Resolution of the identity

A one-parameter family $ \{ E _ \lambda \} $, $ - \infty < \lambda < \infty $, of orthogonal projection operators acting on a Hilbert space $ {\mathcal H} $, such that

1) $ E _ \lambda \leq E _ \mu $ if $ \lambda < \mu $;

2) $ E _ \lambda $ is strongly left continuous, i.e. $ E _ {\lambda - 0 } = E _ \lambda $ for every $ \lambda \in ( - \infty , \infty ) $;

3) $ E _ \lambda \rightarrow 0 $ as $ \lambda \rightarrow - \infty $ and $ E _ \lambda \rightarrow E $ as $ \lambda \rightarrow \infty $; here 0 and $ E $ are the zero and the identity operator on the space $ {\mathcal H} $.

Condition 2) can be replaced by the condition of strong right continuity at every point $ \lambda \in ( - \infty , \infty ) $.

Every self-adjoint operator $ A $ acting on $ {\mathcal H} $ generates in a unique way a resolution of the identity.
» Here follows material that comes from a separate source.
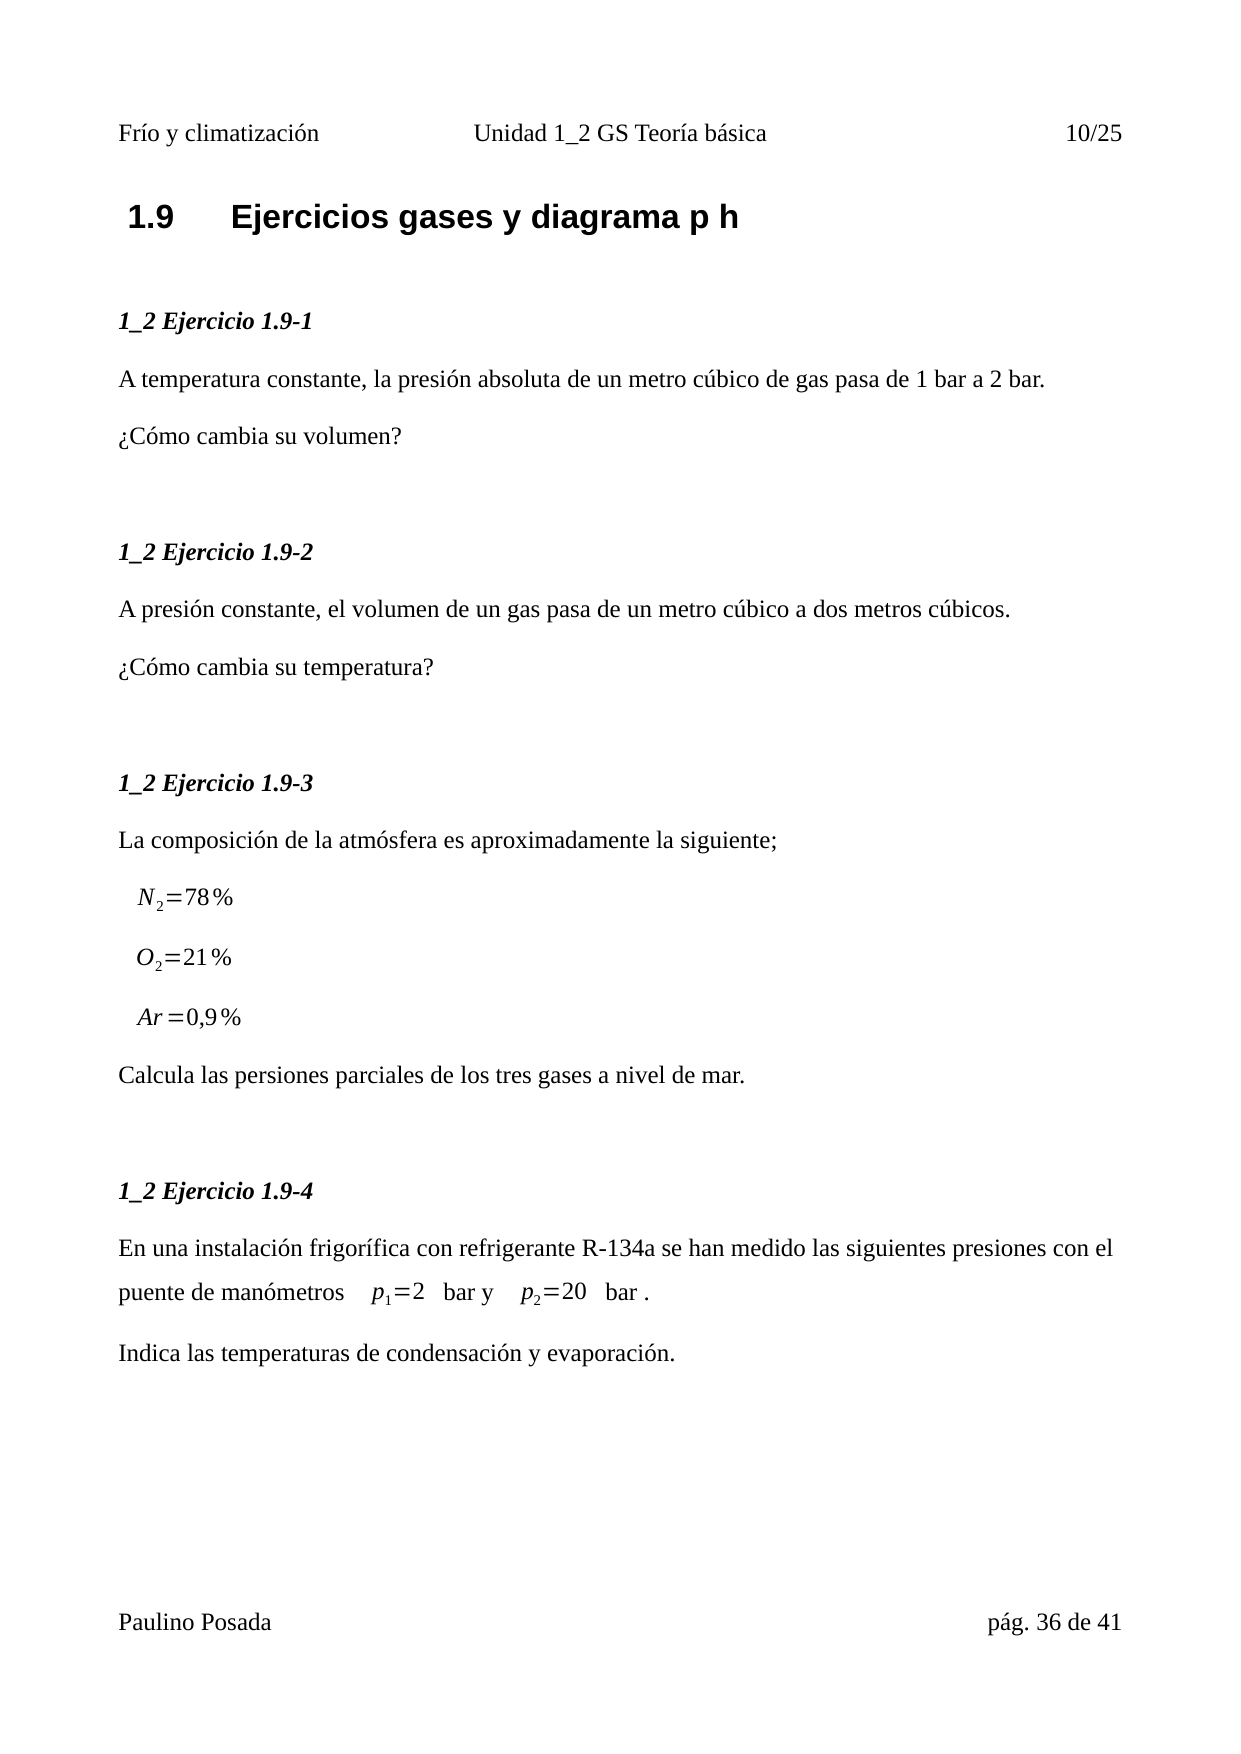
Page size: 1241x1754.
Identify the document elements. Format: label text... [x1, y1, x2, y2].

Here, in addition to 1)–3), the following conditions also hold:

4) if $ B $ is a bounded operator such that $ B A = A B $, then $ B E _ \lambda = E _ \lambda B $ for any $ \lambda $;

5) if $ A $ is a bounded operator and $ m $, $ M $ are its greatest lower and least upper bounds, respectively, then

$$ E _ \lambda = 0 \textrm{ for } - \infty < \lambda < m \ \ \textrm{ and } \ E _ \lambda = E \textrm{ for } M < \lambda < \infty . $$

The resolution of the identity given by the operator $ A $ completely determines the spectral properties of that operator, namely:

a) a point $ \lambda $ is a regular point of $ A $ if and only if it is a point of constancy, that is, if there is a $ \delta > 0 $ such that $ E _ \mu = E _ \lambda $ for $ \mu \in ( \lambda - \delta , \lambda + \delta ) $;

b) a point $ \lambda _ {0} $ is an eigenvalue of $ A $ if and only if at this point $ E _ \lambda $ has a jump, that is, $ E _ {\lambda _ {0} + 0 } - E _ {\lambda _ {0} } > 0 $;

g) if $ E ( \Delta ) = E _ \mu - E _ \lambda $, then $ L _ {E ( \Delta ) } = E ( \Delta ) {\mathcal H} $ is an invariant subspace of $ A $.

Hence the resolution of the identity determined by the operator $ A $ is also called the spectral function of this operator (cf. Spectral resolution).

Conversely, every resolution of the identity $ \{ E _ \lambda \} $ uniquely determines a self-adjoint operator $ A $ for which this resolution is the spectral function. The domain of definition $ D ( A) $ of $ A $ consists exactly of those $ x \in {\mathcal H} $ for which

$$ \int\limits _ {- \infty } ^ \infty \lambda ^ {2} d \langle E _ \lambda x , x \rangle < \infty , $$

and there is a representation of $ A $ as an operator Stieltjes integral:

$$ A = \int\limits _ {- \infty } ^ \infty \lambda d E _ \lambda . $$

References

Comments

To the property $ \gamma $) mentioned above one may add that the spectrum of the restriction of $ A $ to $ L _ {E( \Delta ) } $ is contained in the set $ \Delta $.